According to ORA-00600 [15709], we found a document on Oracle Support, SMON may fail with ORA-00600 [15709] Errors Crashing the Instance (Document ID 736348.1 ), the error message in this document is similar to the information we have reported. This document lists the stack errors: kxfpqsrls <-kxfpqrsod <-kxfpdelqrefs <-encoding <-kxfpqsod <-ktprdestroy <-ktprbe <-ktmmon. We can see from the Trace of SMON that the stack content basically matches this. Therefore, this problem is caused by a bug 695472 hit during the recovery process.

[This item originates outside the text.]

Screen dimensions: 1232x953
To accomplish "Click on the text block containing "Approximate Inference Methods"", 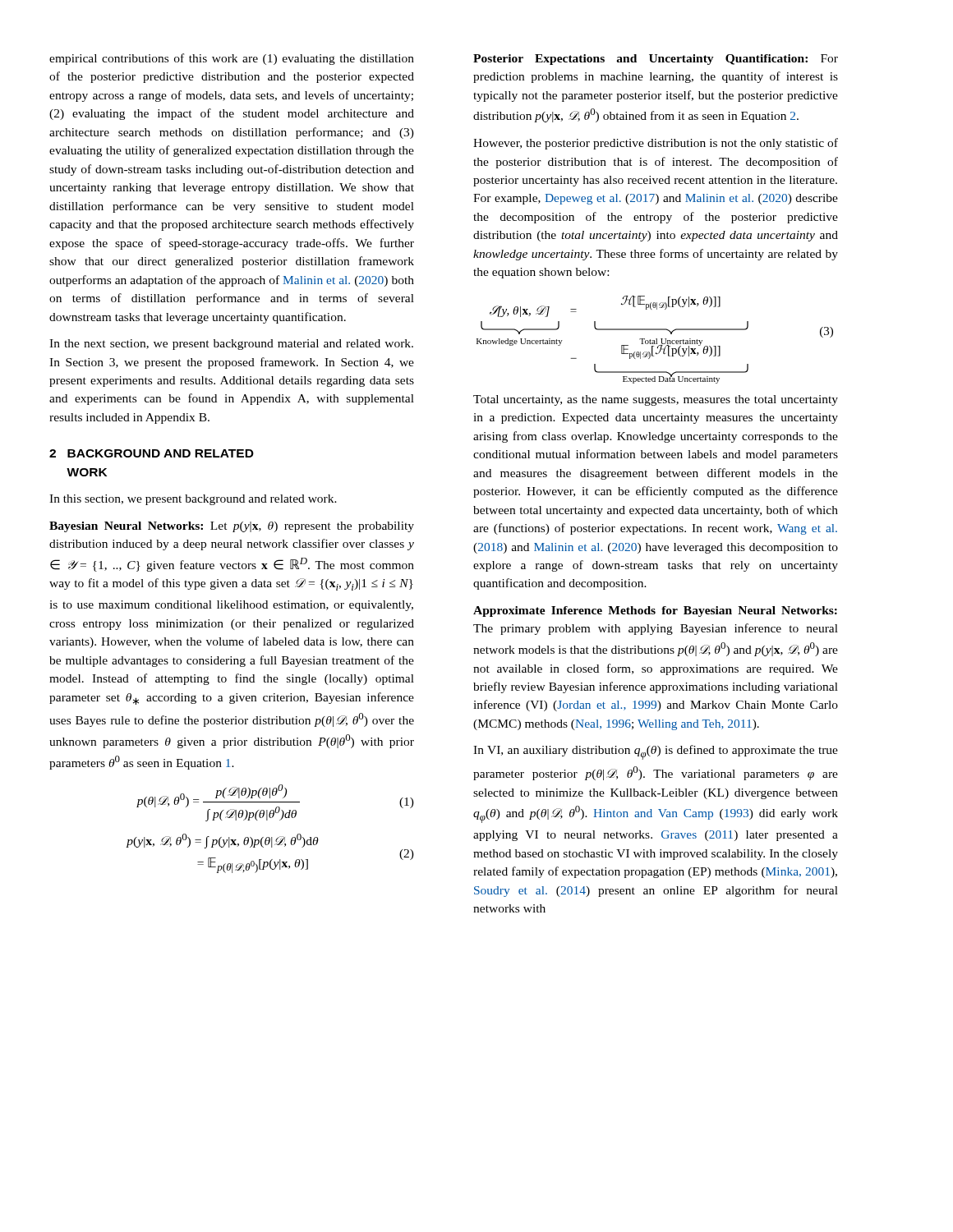I will (x=656, y=667).

If you install this patch, there are still similar problems, it is likely that another similar bug 9233544 has been encountered, and Oracle has many bugs.
Bug 695472Versions 9.2.0.8 and 10.2.0.4 are affected, and they are fixed on 10.2.0.4.2, 10.2.0.5, 11.1.0.7, and 11.2.0.1. The solution to bug 695472 is:
1. Use the following workaround
Set fast_start_parallel_rollback = false and recovery_parallelism = 0
OR
2. Apply one-off < >, If available for your platform/version here.
OR
3. Upgrade to fixed release 10.2.0.5, 11.1.0.7 or 11.2.0.1.
Bug 9233544The three versions 10.2.0.4, 11.1.0.7, and 11.2.0.1 will be affected and fixed on 11.2.0.3 and 12.1. The solution to the bug 9233544 is as follows:
1. Apply patchset 11.2.0.3, in which Bug: 9233544 is fixed.
OR
2. Check if one-off Patch: 9233544 is available for your release and platform here.
We carefully checked the system patch and found that the system has installed patch 6954722, which proves to be affected by bug 9233544. Either upgrade to version 11.2.0.3 or install a separate patch 9233544. The upgrade of 11.2.0.3 is too big. I told the customer to consider installing a small patch.
ORA-00600: internal error code, arguments: [15709], thanks for sharing.